En plus de trois heures d’arguments oraux, le tribunal a entendu les contestations du ministère américain de la Justice et des prestataires d’avortement au sujet de la loi. La majorité conservatrice du tribunal semblait sceptique quant à la contestation de la loi par l’administration Biden.

Le tribunal examinait les questions suivantes :

  • si « l’État peut soustraire à l’examen d’un tribunal fédéral une loi qui interdit l’exercice d’un droit constitutionnel en déléguant au grand public le pouvoir de faire respecter cette interdiction par le biais d’une action civile » ;
  • et peuvent « les États-Unis intenter une action devant un tribunal fédéral et obtenir une injonction ou un jugement déclaratoire contre l’État, les juges des tribunaux d’État, les greffiers des tribunaux d’État, d’autres fonctionnaires de l’État ou toutes les parties privées pour interdire l’application de la SB 8 ».

Les juges semblaient plus ouverts à la première question. Le juge Brett Kavanaugh, un conservateur, a déclaré que la loi texane “exploitait” une échappatoire dans la jurisprudence et a demandé si le tribunal devrait “combler cette échappatoire”.
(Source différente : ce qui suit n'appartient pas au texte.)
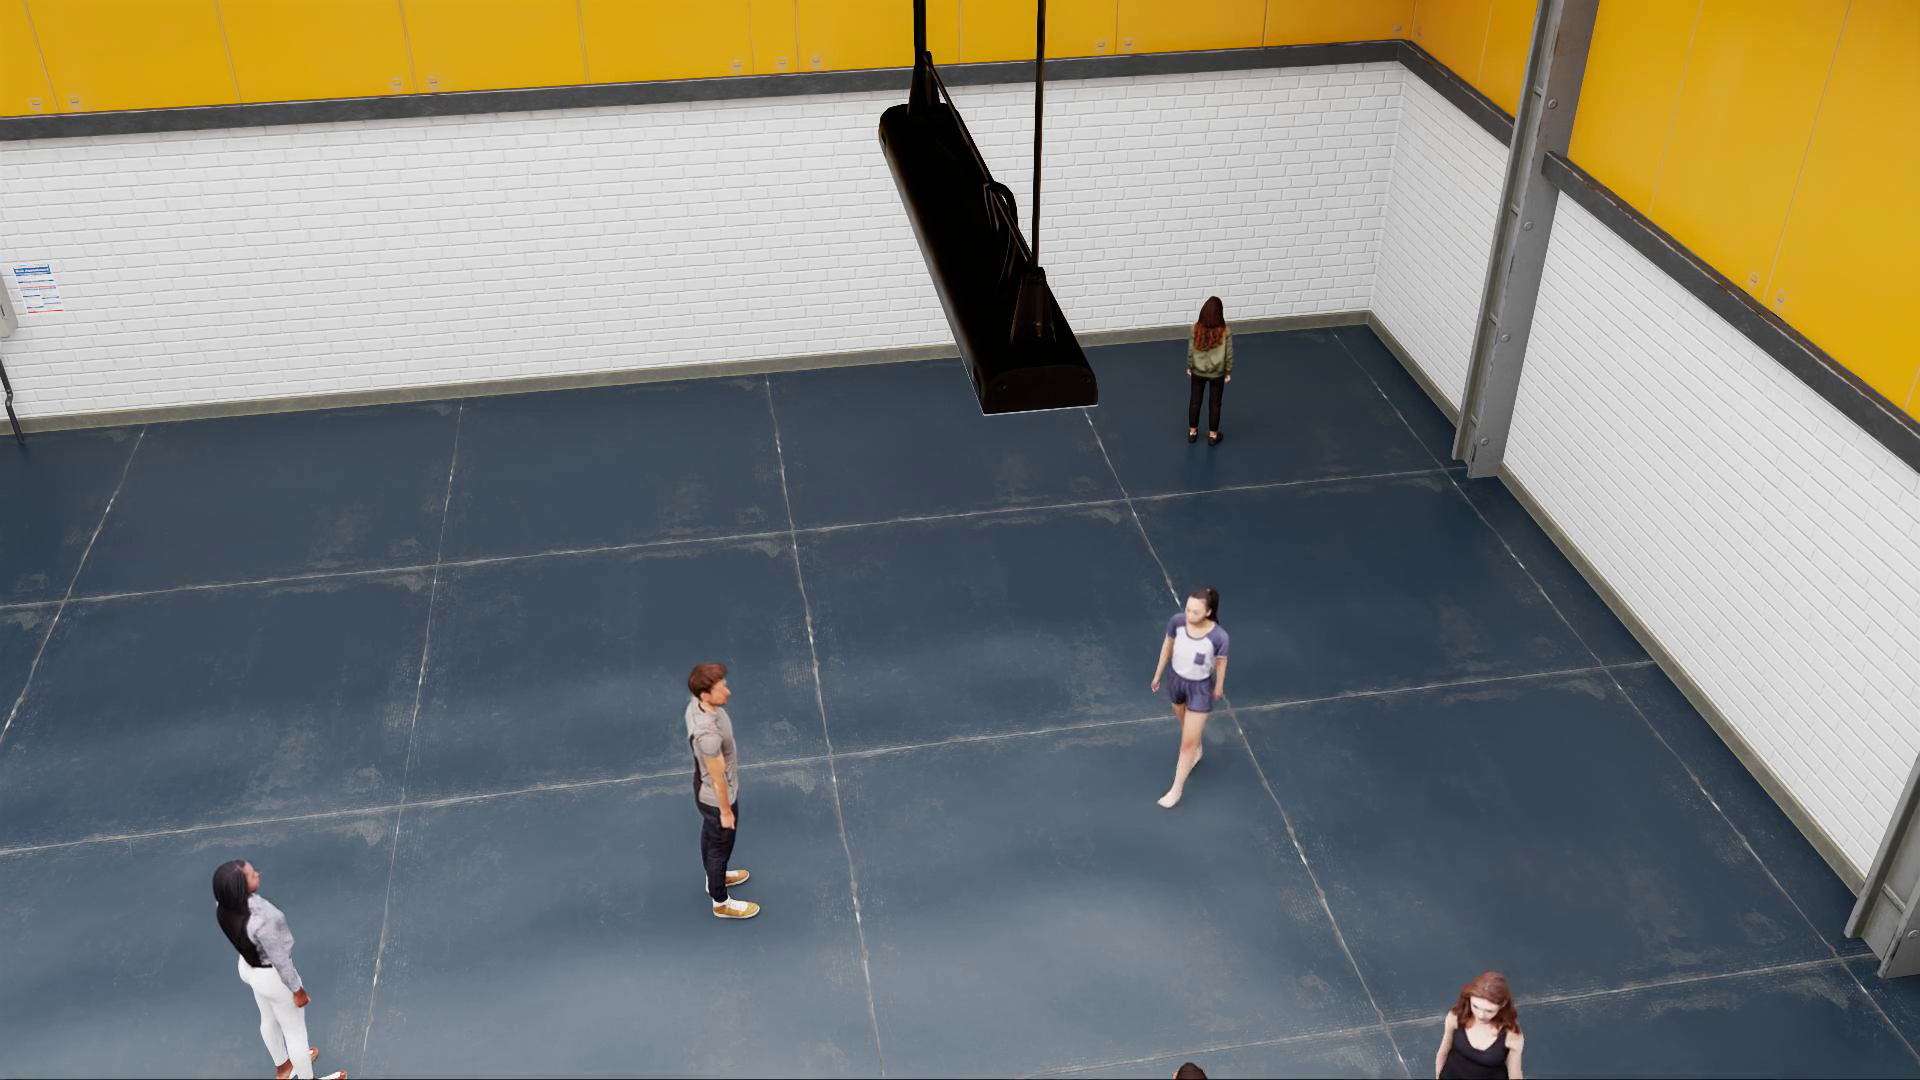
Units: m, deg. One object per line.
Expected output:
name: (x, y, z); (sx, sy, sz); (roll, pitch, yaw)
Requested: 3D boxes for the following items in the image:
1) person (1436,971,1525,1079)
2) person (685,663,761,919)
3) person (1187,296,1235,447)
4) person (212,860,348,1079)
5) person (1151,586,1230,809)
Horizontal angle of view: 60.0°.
person: (2.685, 2.780, 8.593); (0.974, 1.721, 1.098); (13, 36, 18)
person: (-1.510, 1.537, 10.307); (0.730, 1.894, 0.499); (-8, 35, -13)
person: (2.295, -1.564, 15.351); (0.657, 1.475, 0.663); (11, 35, 16)
person: (-3.792, 2.405, 9.153); (0.658, 1.725, 0.729); (24, 40, 31)
person: (1.629, 0.975, 11.400); (0.975, 1.620, 0.993); (27, 42, 34)

Mais sur le second, la majorité conservatrice du tribunal est apparue sceptique. Kavanaugh a qualifié le procès du ministère de la Justice d'”irrégulier et inhabituel”.

C’est la deuxième fois que la nouvelle loi texane est portée devant le tribunal. Dans une décision de minuit il y a deux mois, le tribunal, par un vote de 5 contre 4, a autorisé l’entrée en vigueur de la loi, malgré les protestations des trois libéraux du tribunal et de son juge en chef conservateur, John Roberts.

En effet, ceux qui ont rédigé la loi se sont vantés de la façon dont elle est conçue pour éviter un examen par les tribunaux fédéraux.

Plus précisément, la loi du Texas, connue sous le nom de SB 8, interdit les avortements après 6 semaines, lorsque de nombreuses femmes ne savent pas encore qu’elles sont enceintes. Il ne contient aucune exception pour le viol ou l’inceste, et il n’a qu’une exception limitée et mal définie pour une « urgence médicale ». Mais le plus important, le mécanisme d’application de la loi est de permettre à toute personne qui aide et encourage un avortement d’être poursuivie par n’importe quel citoyen pour un minimum de 10 000 $. En conséquence, les avortements au Texas ont pratiquement cessé.

Lundi, l’affaire était de retour devant la Cour suprême, qui a accéléré le briefing et les arguments encore plus rapidement qu’elle n’a accéléré l’affaire contre le président de l’époque, Richard Nixon, au plus fort du scandale du Watergate en 1974.

Et pourtant, une majorité de la cour a laissé la loi du Texas rester en place même si elle est contestée comme inconstitutionnelle.